Daily Mirror (Northern Ireland)

NOTHING IS IMPOSSIBLE

Climbing Kilimanjar­o on his hands and knees... winning a gold medal with no funding...for Aaron Phipps and his team-mates ....

- BY ALEX SPINK Rugby Correspond­ent @alexspinkm­irror

WHEN Britain’s wheelchair rugby team was told it faced mission impossible, Aaron Phipps decided he would be the judge of that.

Stripped of funding after finishing fifth in Rio, the cash-strapped Brits were not expected to survive through to the Tokyo Paralympic­s.

As Phipps sized up the odds, he thought of Kilimanjar­o and the challenge he had undertaken months earlier.

How he trained for more than three years to scale Africa’s highest mountain unassisted in a wheelchair – only to find the chair could not cope.

He knew champions Australia, hosts Japan and superpower USA were giant obstacles in their path to the podium.

But no bigger a deal, he thought, than abandoning his trike and climbing for four days on hands and knees to reach a summit 5,895 metres above sea level. Phipps recalled the climb as he and his pals picked up the National Lottery Paralympia­n of the Year award in recognitio­n of their Tokyo triumph.

He describes the gold medal as a “fairy tale”, but it is just another reallife example – albeit the most celebrated – of a remarkable group of people overcoming adversity.

Here is a man who conquered Kilimanjar­o without assistance, despite his lower legs and the tops of his fingers having been amputated when he contracted meningitis C at the age of 15.

“Two days in, it was apparent the wheelchair was never going to be able to cope,” recalled the dad-oftwo. “They told me I’d have to be carried. I said, in no uncertain terms, ‘No I’m not’. Eventually I duck-taped kneepads to my legs, jumped out of the wheelchair and crawled on my hands and knees for four days to get to the summit.”

Fast-forward to wheelchair rugby’s loss of UK Sport funding and it becomes clear why Phipps and Co (below) were not about to give up.

“Some of my team-mates’ day starts two hours before those of other people because it takes them that long to get ready,” he said.

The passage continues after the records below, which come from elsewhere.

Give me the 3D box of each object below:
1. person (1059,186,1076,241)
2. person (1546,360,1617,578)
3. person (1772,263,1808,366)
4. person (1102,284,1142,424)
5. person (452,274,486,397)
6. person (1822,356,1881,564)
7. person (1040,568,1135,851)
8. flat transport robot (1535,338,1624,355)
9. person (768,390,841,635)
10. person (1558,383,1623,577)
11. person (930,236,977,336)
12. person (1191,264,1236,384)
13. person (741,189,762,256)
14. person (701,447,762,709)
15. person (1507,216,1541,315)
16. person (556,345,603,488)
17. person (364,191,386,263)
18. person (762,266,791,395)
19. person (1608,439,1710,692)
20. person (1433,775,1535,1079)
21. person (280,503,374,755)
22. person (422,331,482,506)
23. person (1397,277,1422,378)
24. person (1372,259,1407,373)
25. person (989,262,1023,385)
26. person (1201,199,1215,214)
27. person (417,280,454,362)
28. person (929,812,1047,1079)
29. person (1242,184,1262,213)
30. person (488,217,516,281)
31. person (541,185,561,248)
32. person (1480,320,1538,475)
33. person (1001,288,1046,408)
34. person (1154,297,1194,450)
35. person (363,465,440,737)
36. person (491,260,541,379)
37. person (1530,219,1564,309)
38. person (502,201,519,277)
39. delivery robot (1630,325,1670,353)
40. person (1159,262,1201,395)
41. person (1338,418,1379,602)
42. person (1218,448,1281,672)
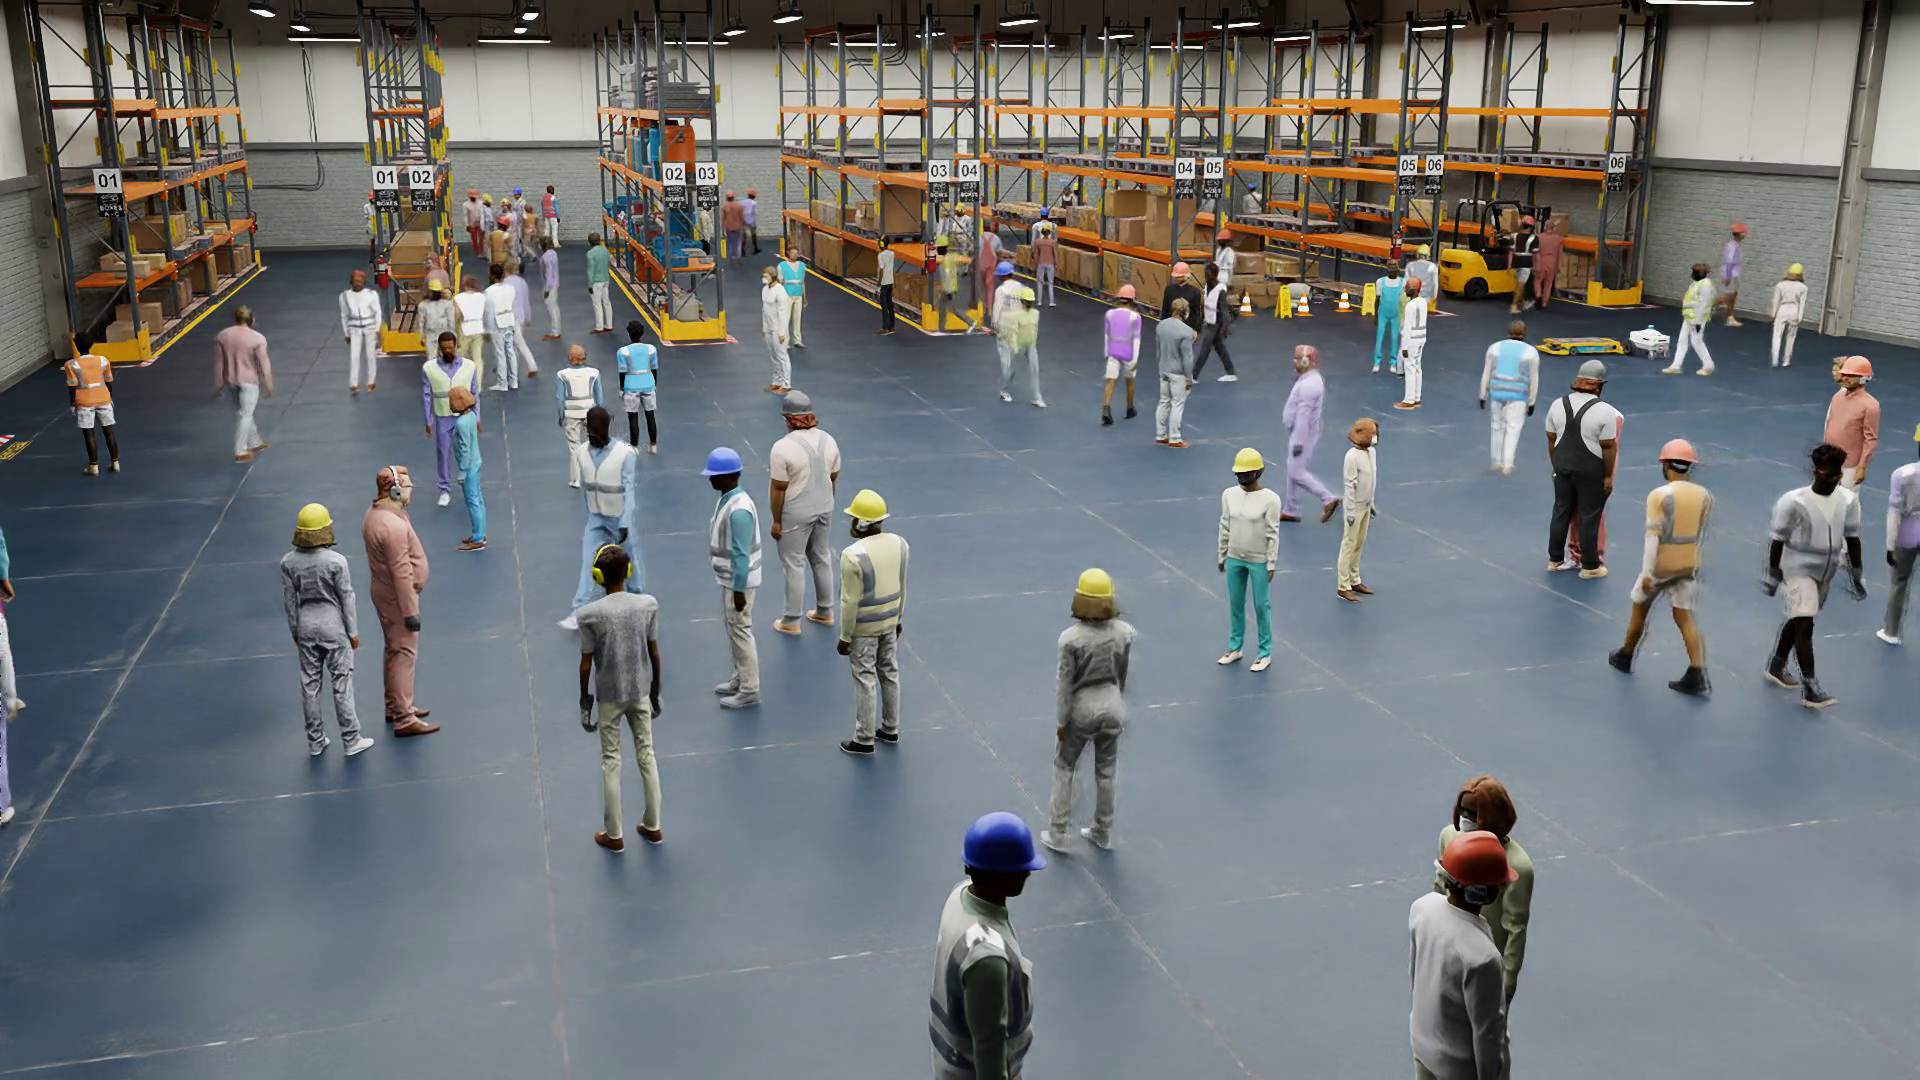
[{"bbox_3d":[3.203,-9.644,49.641,0.520,1.837,0.356,3,15,11],"label":"person"},{"bbox_3d":[5.812,-0.675,15.477,0.538,2.000,0.681,-11,19,-37],"label":"person"},{"bbox_3d":[13.688,-3.710,27.503,0.487,1.724,0.698,9,17,30],"label":"person"},{"bbox_3d":[2.204,-2.550,22.813,0.565,1.904,0.944,7,16,23],"label":"person"},{"bbox_3d":[-7.359,-3.065,24.880,0.623,1.821,0.583,13,20,41],"label":"person"},{"bbox_3d":[8.466,-0.771,15.922,0.373,1.997,0.618,-3,15,-12],"label":"person"},{"bbox_3d":[0.749,1.001,9.767,0.519,1.732,0.396,-5,16,-17],"label":"person"},{"bbox_3d":[10.913,-3.403,29.136,1.431,0.197,0.652,-2,15,-7],"label":"flat transport robot"},{"bbox_3d":[-1.342,-0.253,13.890,0.538,2.000,0.689,13,20,41],"label":"person"},{"bbox_3d":[5.864,-0.616,15.520,0.407,1.907,0.598,-9,17,-30],"label":"person"},{"bbox_3d":[-0.112,-4.729,31.036,0.822,1.887,0.594,-1,15,-5],"label":"person"},{"bbox_3d":[3.916,-3.373,25.973,1.027,1.861,0.615,-4,15,-15],"label":"person"},{"bbox_3d":[-5.972,-8.999,47.115,0.651,1.872,0.995,5,16,18],"label":"person"},{"bbox_3d":[-1.651,0.270,12.130,0.418,1.938,0.616,-4,15,-15],"label":"person"},{"bbox_3d":[11.731,-5.683,34.401,1.028,1.990,0.634,-11,18,-36],"label":"person"},{"bbox_3d":[-4.333,-1.408,19.003,0.523,1.638,0.311,-6,16,-21],"label":"person"},{"bbox_3d":[-15.821,-8.469,45.014,0.545,1.933,0.376,-1,15,-5],"label":"person"},{"bbox_3d":[-2.780,-3.160,25.057,0.379,1.929,0.630,-9,17,-29],"label":"person"},{"bbox_3d":[5.364,0.193,12.547,0.571,1.890,0.932,-4,15,-16],"label":"person"},{"bbox_3d":[2.198,1.766,7.090,0.280,1.624,0.493,-9,17,-31],"label":"person"},{"bbox_3d":[-4.288,0.606,11.227,0.484,1.744,0.295,2,15,6],"label":"person"},{"bbox_3d":[-5.552,-1.335,18.200,0.597,1.915,0.371,-6,16,-20],"label":"person"},{"bbox_3d":[7.132,-3.359,26.379,0.284,1.627,0.504,-7,17,-26],"label":"person"},{"bbox_3d":[6.965,-3.622,26.939,0.506,1.846,0.351,4,15,13],"label":"person"},{"bbox_3d":[0.659,-3.374,25.866,0.583,1.912,0.642,12,19,37],"label":"person"},{"bbox_3d":[7.147,-9.137,47.703,0.575,1.836,0.817,-4,15,-16],"label":"person"},{"bbox_3d":[-7.829,-3.022,24.954,0.505,1.702,0.719,-8,17,-26],"label":"person"},{"bbox_3d":[0.097,1.890,6.031,0.413,1.940,0.601,-2,15,-7],"label":"person"},{"bbox_3d":[8.702,-9.612,49.396,0.680,1.896,0.472,7,16,25],"label":"person"},{"bbox_3d":[-9.905,-6.045,35.995,0.595,1.894,0.647,6,16,21],"label":"person"},{"bbox_3d":[-12.201,-9.653,49.670,0.624,1.835,0.431,7,17,26],"label":"person"},{"bbox_3d":[6.538,-1.704,19.775,0.642,1.846,0.435,11,19,36],"label":"person"},{"bbox_3d":[0.900,-2.820,24.176,0.544,1.716,0.921,-9,17,-29],"label":"person"},{"bbox_3d":[2.719,-2.107,21.088,0.367,1.930,0.635,-10,18,-33],"label":"person"},{"bbox_3d":[-3.918,0.415,11.660,0.400,1.899,0.652,-8,17,-27],"label":"person"},{"bbox_3d":[-7.094,-3.506,26.443,1.063,1.885,0.627,7,16,25],"label":"person"},{"bbox_3d":[12.334,-5.793,35.024,0.658,1.890,0.610,3,15,12],"label":"person"},{"bbox_3d":[-11.095,-7.360,40.887,0.403,1.911,0.637,0,15,2],"label":"person"},{"bbox_3d":[11.838,-3.440,28.549,0.477,0.478,0.707,-4,15,-14],"label":"delivery robot"},{"bbox_3d":[3.297,-3.172,24.978,0.608,1.987,0.391,8,17,27],"label":"person"},{"bbox_3d":[3.548,-0.280,14.767,0.287,1.635,0.500,11,18,35],"label":"person"},{"bbox_3d":[2.230,0.149,12.926,0.527,1.761,0.327,13,19,39],"label":"person"}]

“Every training session you get the rubbish kicked out of you. But that helped us as a team because, by the time we got to Tokyo, we were rockhard from beating each other up.”

Phipps knew nothing of the sport when he tried it in 2009, but, 12 years on, a TV audience of 1.1million saw GB beat the USA to gold.

Participat­ion numbers are “through the roof” and there is £2.6m funding for the Paris cycle.

His work is done – though he will never see it like that.